'It's an end to wondering' her fate Discover of body clears up mystery for grieving family

THE BALTIMORE SUN

LIGNUM, Va. -- As Virginia state troopers hunt for a mysterious motorist they believe is a psychopathic killer, ttTC decomposed body found in a secluded makeshift grave was identified officially yesterday as that of a missing Johns Hopkins University graduate student abducted from the highway.

The nine-week search for Alicia Showalter Reynolds ended Tuesday afternoon when a worker for a logging company spotted buzzards circling above a section of deep forest in this tiny rural town, about 15 miles southeast of where Reynolds was last seen.

"He went to investigate and found her," said a state police spokeswoman, Lucy Caldwell, as dozens of troopers were brought in by the truckload to comb the scene for evidence. "We have 50 state police looking for clues as to who put Ms. Reynolds here."

Investigators, who have been stumped since the 25-year-old Baltimore resident disappeared March 2, said the killer covered her body with sticks and pine tree branches about 30 feet off a lonely gravel road used primarily by woodcutters.

Reynolds' clothes, boots and rings were found with her, a relative was told by the police.

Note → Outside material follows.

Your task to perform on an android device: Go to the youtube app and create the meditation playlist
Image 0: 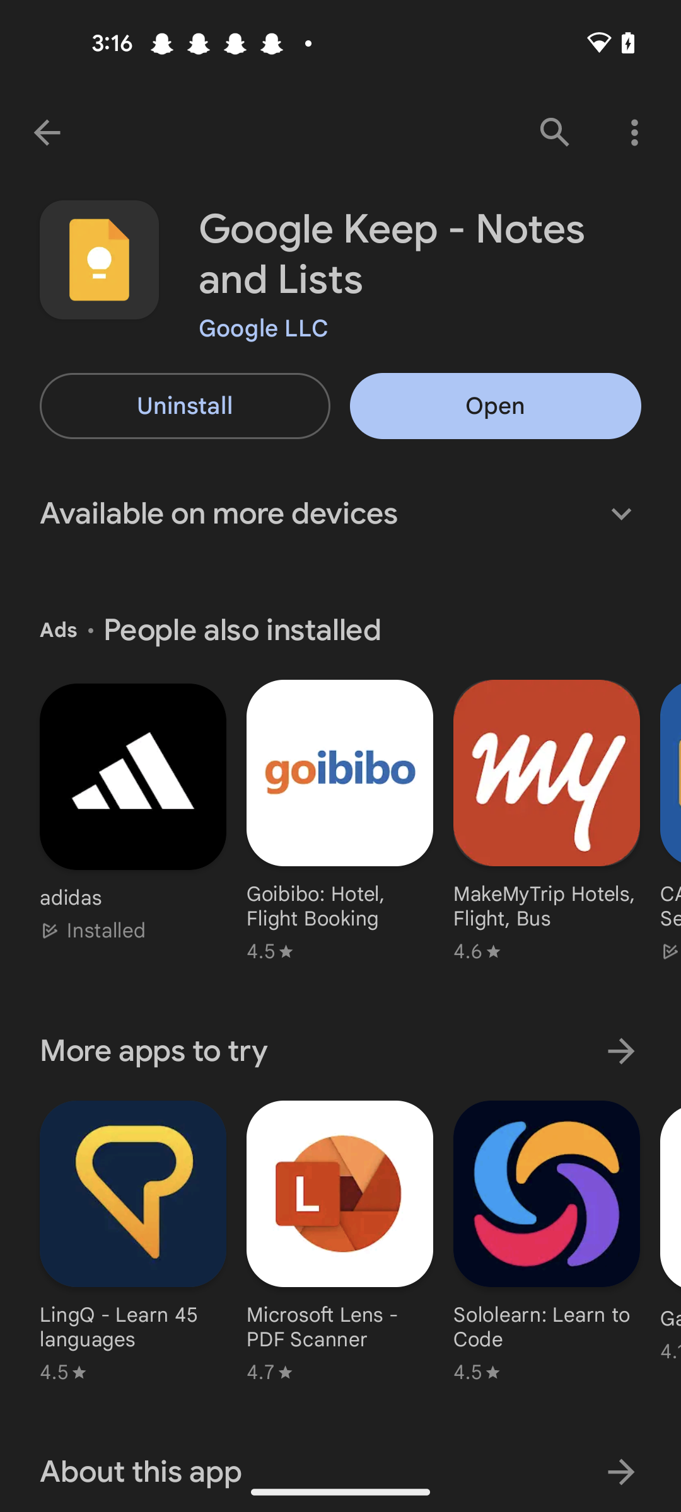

Authorities would not disclose how Reynolds died or how long they think she had been dead, although they said they had received dozens of phone tips since announcing the body's discovery.

"Hopefully, we'll make an arrest soon," Caldwell said. "We have more information today, more leads to work on."

Mark Reynolds, the victim's husband, who drove to Virginia Tuesday from their Baltimore home on learning that a body had been found, said yesterday that he thanked God for finally putting an end to one part of the mystery: his wife's fate.

"It's an end to wondering where she is. I still hadn't unpacked the bag of her clothes I had waiting for her by the door in case she was found alive," he said. "It's a horrible, terrible tragedy, but it's not something God did. It's something this terrible person did."

Closure at last

Her father, Harley Showalter of Harrisonburg, Va., a devout Mennonite, said the family had been praying for some sort of closure. The discovery of the body is an answer to those prayers, he said.

"Thank God for buzzards," Showalter said. "Were it not for the vultures, perhaps we would have never found Alicia."

Reynolds, a gifted fourth-year doctoral student in the Hopkins pharmacology program, was last seen on the roadside of U.S. 29 near Culpeper. She had been traveling alone to Charlottesville to meet her mother when a man in a pickup is believed to have waved her to the side of the road and convinced her something was wrong with her car.

Passing motorists later reported seeing her get into a dark-colored or dark green pickup with the man, who has been dubbed "the Route 29 stalker" by local residents. Police say the same man is suspected of using a Good Samaritan ploy with about 20 other women in the Culpeper area, some of whom accepted rides to garages with him.

But nothing was wrong with their cars, the women later found. Curiously, the man made no advances toward those women, leading investigators to surmise that he may have been building up his nerve or looking for a specific type of woman to take his scenario a menacing step further.

Other women who got into the man's truck described him as polite and gentlemanly in his approach, police said. Typically, he flashed his lights or yelled from a nearby lane, claiming to see sparks or smoke coming from their cars.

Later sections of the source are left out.